Recorded data
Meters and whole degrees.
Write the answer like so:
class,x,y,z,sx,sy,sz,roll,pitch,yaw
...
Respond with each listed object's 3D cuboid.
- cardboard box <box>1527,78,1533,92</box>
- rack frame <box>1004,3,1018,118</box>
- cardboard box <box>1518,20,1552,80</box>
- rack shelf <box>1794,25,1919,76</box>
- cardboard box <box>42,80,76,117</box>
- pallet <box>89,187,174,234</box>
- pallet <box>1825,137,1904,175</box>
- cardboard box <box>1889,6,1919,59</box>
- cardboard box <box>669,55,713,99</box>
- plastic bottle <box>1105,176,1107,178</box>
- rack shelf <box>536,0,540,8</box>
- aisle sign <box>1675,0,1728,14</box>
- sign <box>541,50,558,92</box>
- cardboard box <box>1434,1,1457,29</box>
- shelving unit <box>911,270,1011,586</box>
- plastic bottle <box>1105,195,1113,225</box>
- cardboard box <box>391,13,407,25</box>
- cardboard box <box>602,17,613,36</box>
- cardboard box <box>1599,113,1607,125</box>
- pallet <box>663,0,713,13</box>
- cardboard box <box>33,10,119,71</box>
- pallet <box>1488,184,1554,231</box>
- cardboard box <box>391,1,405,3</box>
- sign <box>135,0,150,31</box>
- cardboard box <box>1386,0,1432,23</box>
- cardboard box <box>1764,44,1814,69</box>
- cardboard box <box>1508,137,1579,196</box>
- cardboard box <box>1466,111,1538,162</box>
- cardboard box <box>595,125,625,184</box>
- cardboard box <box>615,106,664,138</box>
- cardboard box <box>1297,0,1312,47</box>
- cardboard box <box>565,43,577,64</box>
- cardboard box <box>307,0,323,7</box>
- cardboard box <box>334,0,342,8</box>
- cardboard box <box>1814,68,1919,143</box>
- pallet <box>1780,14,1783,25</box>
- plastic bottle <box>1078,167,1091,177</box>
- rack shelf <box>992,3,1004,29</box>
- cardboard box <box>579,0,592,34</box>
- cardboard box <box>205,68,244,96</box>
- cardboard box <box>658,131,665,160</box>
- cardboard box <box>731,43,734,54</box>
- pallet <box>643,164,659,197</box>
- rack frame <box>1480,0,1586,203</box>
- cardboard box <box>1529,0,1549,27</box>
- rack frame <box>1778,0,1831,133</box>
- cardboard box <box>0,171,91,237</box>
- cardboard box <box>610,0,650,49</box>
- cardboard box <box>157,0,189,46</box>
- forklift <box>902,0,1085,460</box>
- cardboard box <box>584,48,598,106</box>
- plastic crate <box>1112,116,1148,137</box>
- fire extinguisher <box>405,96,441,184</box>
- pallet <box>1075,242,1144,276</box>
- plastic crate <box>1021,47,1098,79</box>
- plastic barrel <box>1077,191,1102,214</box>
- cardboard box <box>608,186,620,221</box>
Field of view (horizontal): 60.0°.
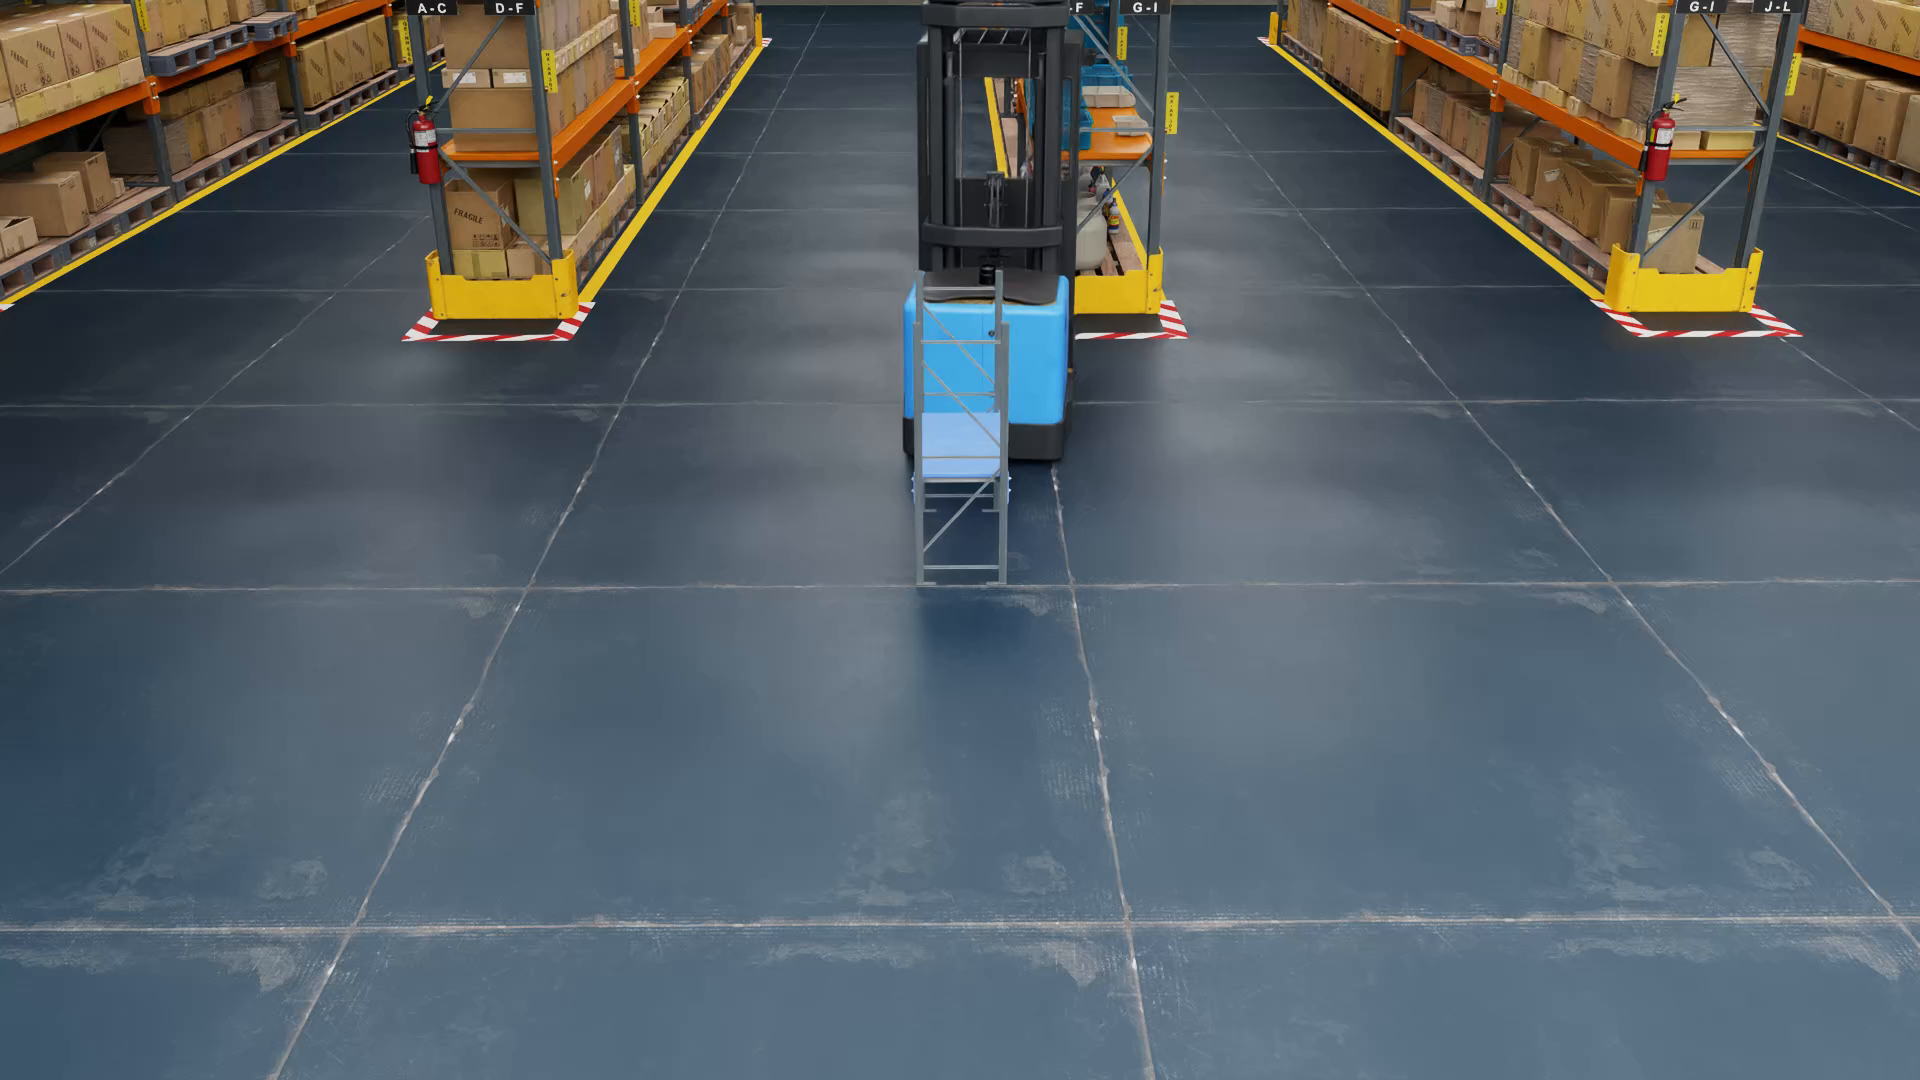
class,x,y,z,sx,sy,sz,roll,pitch,yaw
cardboard box,5.790,-4.460,16.275,0.380,0.149,0.250,0,24,-1
rack frame,1.060,-6.599,20.701,1.000,3.000,0.127,0,24,-1
cardboard box,5.970,-4.762,16.157,0.875,0.500,0.500,0,24,-1
rack shelf,10.995,-5.450,19.033,1.077,0.370,4.000,0,24,-1
cardboard box,-8.470,-4.033,15.186,0.500,0.250,0.500,0,24,0
pallet,-8.760,-3.359,16.921,1.003,0.211,1.213,0,24,-1
pallet,10.917,-4.505,19.454,1.003,0.211,1.213,0,24,-1
cardboard box,10.733,-5.629,18.436,0.500,0.500,0.500,0,24,0
cardboard box,-3.624,-6.251,22.431,0.500,0.500,0.500,-1,24,-1
plastic bottle,1.444,-3.503,16.619,0.061,0.283,0.133,1,24,3
rack shelf,-3.828,-5.145,14.718,1.077,0.370,4.000,0,24,-1
aisle sign,5.801,-4.482,12.866,0.394,0.787,0.004,0,24,-1
sign,-3.251,-3.712,13.171,0.100,0.325,0.005,0,24,-1
cardboard box,5.801,-6.053,19.165,0.500,0.250,0.500,-1,24,-2
shelving unit,0.001,-0.648,9.363,0.538,1.500,1.048,0,24,-1
plastic bottle,1.435,-3.150,15.851,0.097,0.271,0.097,0,24,0
cardboard box,-8.617,-8.001,25.538,0.380,0.149,0.250,1,24,1
cardboard box,-3.632,-5.058,16.385,0.380,0.149,0.250,-1,24,-2
cardboard box,5.885,-3.739,14.682,0.380,0.149,0.250,0,24,-1
pallet,-3.919,-7.292,22.466,1.003,0.211,1.213,0,24,-1
cardboard box,-8.477,-4.790,15.948,0.500,0.500,0.500,0,24,-1
pallet,6.099,-3.426,17.069,1.003,0.211,1.213,0,24,-1
cardboard box,-9.019,-8.650,26.971,0.380,0.149,0.250,0,24,0
sign,-8.260,-5.306,16.792,0.100,0.325,0.005,0,24,-1
cardboard box,5.759,-6.869,21.176,0.500,0.500,0.500,0,24,1
cardboard box,10.704,-6.277,21.602,0.500,0.250,0.500,-1,24,-2
cardboard box,6.021,-3.860,17.169,0.500,0.500,0.500,-1,24,-2
cardboard box,6.085,-4.484,18.524,0.700,0.500,0.500,0,24,-1
cardboard box,-3.632,-3.814,16.460,0.500,0.500,0.500,0,24,-1
cardboard box,-3.612,-4.715,18.682,0.500,0.311,0.500,-1,24,-2
cardboard box,6.022,-8.503,26.978,0.875,0.875,0.875,0,24,-1
cardboard box,-3.611,-4.316,14.745,0.380,0.149,0.250,-1,24,-1
cardboard box,-8.592,-7.162,21.438,0.500,0.500,0.500,1,24,1
cardboard box,-8.642,-7.326,22.589,0.380,0.149,0.250,0,24,1
cardboard box,10.903,-5.157,19.732,1.050,0.750,0.750,0,24,0
pallet,10.859,-6.808,21.395,1.213,0.211,1.003,0,24,-1
plastic bottle,1.255,-3.680,16.926,0.144,0.351,0.185,0,24,-1
rack shelf,1.038,-7.095,22.671,1.077,0.370,4.000,0,24,-1
cardboard box,-3.827,-4.969,15.402,0.700,0.500,0.500,0,24,-1
cardboard box,-8.843,-5.426,19.697,0.500,0.250,0.500,0,24,0
cardboard box,-3.619,-4.460,18.798,0.500,0.250,0.500,-1,24,-2
cardboard box,-3.744,-7.666,25.965,0.380,0.166,0.250,0,24,-1
pallet,-3.897,-3.963,18.256,1.003,0.211,1.213,0,24,-1
rack frame,6.056,-4.973,17.106,1.000,3.000,0.127,0,24,-1
cardboard box,5.814,-5.217,15.950,0.500,0.500,0.500,0,24,-1
rack frame,10.973,-6.602,20.707,1.000,3.000,0.127,0,24,-1
cardboard box,-8.641,-3.142,15.557,0.700,0.500,0.500,-2,24,-4
cardboard box,-3.859,-5.932,19.106,0.500,0.500,0.500,-2,24,-3
cardboard box,-8.773,-5.592,17.820,0.700,0.500,0.500,2,24,5
forklift,0.281,-2.424,11.552,1.130,2.935,3.031,2,24,5
cardboard box,-3.825,-4.369,15.648,0.700,0.500,0.500,0,24,0
plastic crate,1.459,-3.553,14.285,0.298,0.136,0.250,0,24,-1
fire extinguisher,-4.269,-3.196,13.270,0.296,0.674,0.183,0,24,-1
pallet,1.096,-2.398,14.796,1.003,0.211,1.213,0,24,-1
plastic crate,0.982,-4.706,16.591,0.767,0.338,0.504,0,24,-1
plastic barrel,1.058,-2.838,14.894,0.421,0.512,0.421,0,24,0
cardboard box,-3.610,-3.266,16.159,0.500,0.250,0.500,0,24,-1

**TASK GOAL**
Of the entries above, transcribe exactly those lines that fall between the line containing "- cardboard box <box>1297,0,1312,47</box>" and the line containing "- pallet <box>1075,242,1144,276</box>", together with those two lines.

**ANSWER SPACE**
- cardboard box <box>1297,0,1312,47</box>
- cardboard box <box>565,43,577,64</box>
- cardboard box <box>307,0,323,7</box>
- cardboard box <box>334,0,342,8</box>
- cardboard box <box>1814,68,1919,143</box>
- pallet <box>1780,14,1783,25</box>
- plastic bottle <box>1078,167,1091,177</box>
- rack shelf <box>992,3,1004,29</box>
- cardboard box <box>579,0,592,34</box>
- cardboard box <box>205,68,244,96</box>
- cardboard box <box>658,131,665,160</box>
- cardboard box <box>731,43,734,54</box>
- pallet <box>643,164,659,197</box>
- rack frame <box>1480,0,1586,203</box>
- cardboard box <box>1529,0,1549,27</box>
- rack frame <box>1778,0,1831,133</box>
- cardboard box <box>0,171,91,237</box>
- cardboard box <box>610,0,650,49</box>
- cardboard box <box>157,0,189,46</box>
- forklift <box>902,0,1085,460</box>
- cardboard box <box>584,48,598,106</box>
- plastic crate <box>1112,116,1148,137</box>
- fire extinguisher <box>405,96,441,184</box>
- pallet <box>1075,242,1144,276</box>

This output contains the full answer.